- _EXERCISE OBJECTIVE_
Word for word, copy the entire listing below, but do not carry over any pictures.

- _GIVEN DATA_
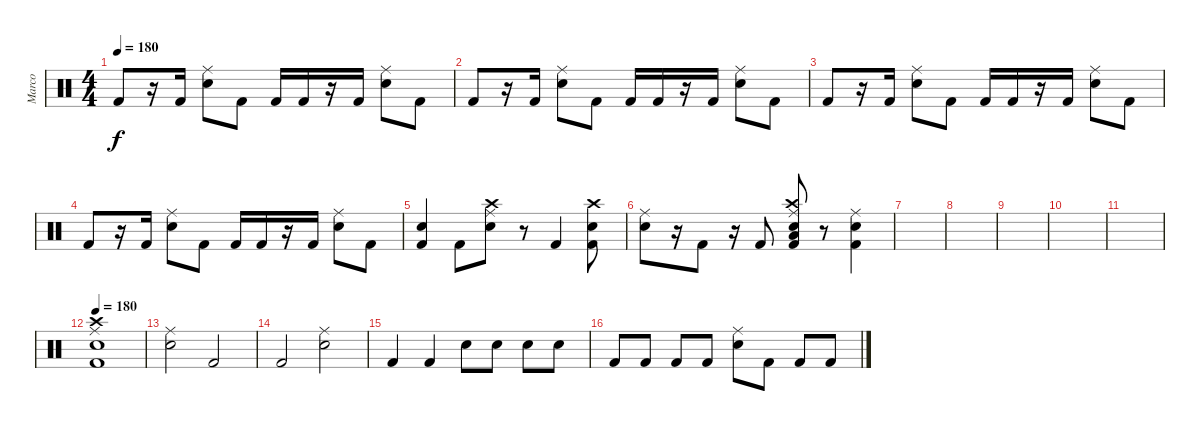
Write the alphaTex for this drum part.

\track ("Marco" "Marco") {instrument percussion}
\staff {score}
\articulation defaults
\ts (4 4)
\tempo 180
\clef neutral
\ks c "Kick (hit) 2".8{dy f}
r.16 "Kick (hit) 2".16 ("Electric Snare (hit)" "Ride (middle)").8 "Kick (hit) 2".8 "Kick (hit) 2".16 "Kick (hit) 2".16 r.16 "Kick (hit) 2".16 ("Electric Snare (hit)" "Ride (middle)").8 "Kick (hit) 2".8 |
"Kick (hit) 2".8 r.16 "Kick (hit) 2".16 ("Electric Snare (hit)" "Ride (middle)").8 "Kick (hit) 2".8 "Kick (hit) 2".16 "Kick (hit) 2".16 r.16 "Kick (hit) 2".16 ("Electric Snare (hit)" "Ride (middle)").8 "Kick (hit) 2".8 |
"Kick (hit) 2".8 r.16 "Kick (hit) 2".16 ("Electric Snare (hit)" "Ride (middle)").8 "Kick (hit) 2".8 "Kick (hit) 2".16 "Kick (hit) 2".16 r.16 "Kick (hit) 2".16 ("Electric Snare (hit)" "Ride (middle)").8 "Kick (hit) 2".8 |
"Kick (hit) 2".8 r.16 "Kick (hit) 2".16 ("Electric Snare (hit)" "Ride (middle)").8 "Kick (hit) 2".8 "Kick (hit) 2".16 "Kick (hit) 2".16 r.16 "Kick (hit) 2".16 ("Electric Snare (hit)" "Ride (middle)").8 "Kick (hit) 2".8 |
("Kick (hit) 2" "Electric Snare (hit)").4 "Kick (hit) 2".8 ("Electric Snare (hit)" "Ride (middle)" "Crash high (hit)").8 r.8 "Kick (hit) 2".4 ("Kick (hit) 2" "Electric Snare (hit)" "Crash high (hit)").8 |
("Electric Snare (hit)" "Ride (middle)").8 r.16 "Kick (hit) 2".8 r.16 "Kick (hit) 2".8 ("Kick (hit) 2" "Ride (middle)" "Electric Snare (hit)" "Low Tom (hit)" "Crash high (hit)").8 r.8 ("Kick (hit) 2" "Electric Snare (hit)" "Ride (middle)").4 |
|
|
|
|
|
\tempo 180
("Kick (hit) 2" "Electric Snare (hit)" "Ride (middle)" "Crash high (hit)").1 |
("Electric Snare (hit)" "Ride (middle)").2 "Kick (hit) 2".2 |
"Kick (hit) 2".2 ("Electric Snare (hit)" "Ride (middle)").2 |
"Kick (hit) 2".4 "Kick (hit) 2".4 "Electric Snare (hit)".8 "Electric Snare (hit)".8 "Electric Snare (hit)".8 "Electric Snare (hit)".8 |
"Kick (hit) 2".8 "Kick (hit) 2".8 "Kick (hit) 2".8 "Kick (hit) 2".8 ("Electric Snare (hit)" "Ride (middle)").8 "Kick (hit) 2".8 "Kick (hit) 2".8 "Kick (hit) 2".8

- _PROBLEM SOLUTION_
Write the alphaTex for this drum part.

\track ("Marco" "Marco") {instrument percussion}
\staff {score}
\articulation defaults
\ts (4 4)
\tempo 180
\clef neutral
\ks c "Kick (hit) 2".8{dy f}
r.16 "Kick (hit) 2".16 ("Electric Snare (hit)" "Ride (middle)").8 "Kick (hit) 2".8 "Kick (hit) 2".16 "Kick (hit) 2".16 r.16 "Kick (hit) 2".16 ("Electric Snare (hit)" "Ride (middle)").8 "Kick (hit) 2".8 |
"Kick (hit) 2".8 r.16 "Kick (hit) 2".16 ("Electric Snare (hit)" "Ride (middle)").8 "Kick (hit) 2".8 "Kick (hit) 2".16 "Kick (hit) 2".16 r.16 "Kick (hit) 2".16 ("Electric Snare (hit)" "Ride (middle)").8 "Kick (hit) 2".8 |
"Kick (hit) 2".8 r.16 "Kick (hit) 2".16 ("Electric Snare (hit)" "Ride (middle)").8 "Kick (hit) 2".8 "Kick (hit) 2".16 "Kick (hit) 2".16 r.16 "Kick (hit) 2".16 ("Electric Snare (hit)" "Ride (middle)").8 "Kick (hit) 2".8 |
"Kick (hit) 2".8 r.16 "Kick (hit) 2".16 ("Electric Snare (hit)" "Ride (middle)").8 "Kick (hit) 2".8 "Kick (hit) 2".16 "Kick (hit) 2".16 r.16 "Kick (hit) 2".16 ("Electric Snare (hit)" "Ride (middle)").8 "Kick (hit) 2".8 |
("Kick (hit) 2" "Electric Snare (hit)").4 "Kick (hit) 2".8 ("Electric Snare (hit)" "Ride (middle)" "Crash high (hit)").8 r.8 "Kick (hit) 2".4 ("Kick (hit) 2" "Electric Snare (hit)" "Crash high (hit)").8 |
("Electric Snare (hit)" "Ride (middle)").8 r.16 "Kick (hit) 2".8 r.16 "Kick (hit) 2".8 ("Kick (hit) 2" "Ride (middle)" "Electric Snare (hit)" "Low Tom (hit)" "Crash high (hit)").8 r.8 ("Kick (hit) 2" "Electric Snare (hit)" "Ride (middle)").4 |
|
|
|
|
|
\tempo 180
("Kick (hit) 2" "Electric Snare (hit)" "Ride (middle)" "Crash high (hit)").1 |
("Electric Snare (hit)" "Ride (middle)").2 "Kick (hit) 2".2 |
"Kick (hit) 2".2 ("Electric Snare (hit)" "Ride (middle)").2 |
"Kick (hit) 2".4 "Kick (hit) 2".4 "Electric Snare (hit)".8 "Electric Snare (hit)".8 "Electric Snare (hit)".8 "Electric Snare (hit)".8 |
"Kick (hit) 2".8 "Kick (hit) 2".8 "Kick (hit) 2".8 "Kick (hit) 2".8 ("Electric Snare (hit)" "Ride (middle)").8 "Kick (hit) 2".8 "Kick (hit) 2".8 "Kick (hit) 2".8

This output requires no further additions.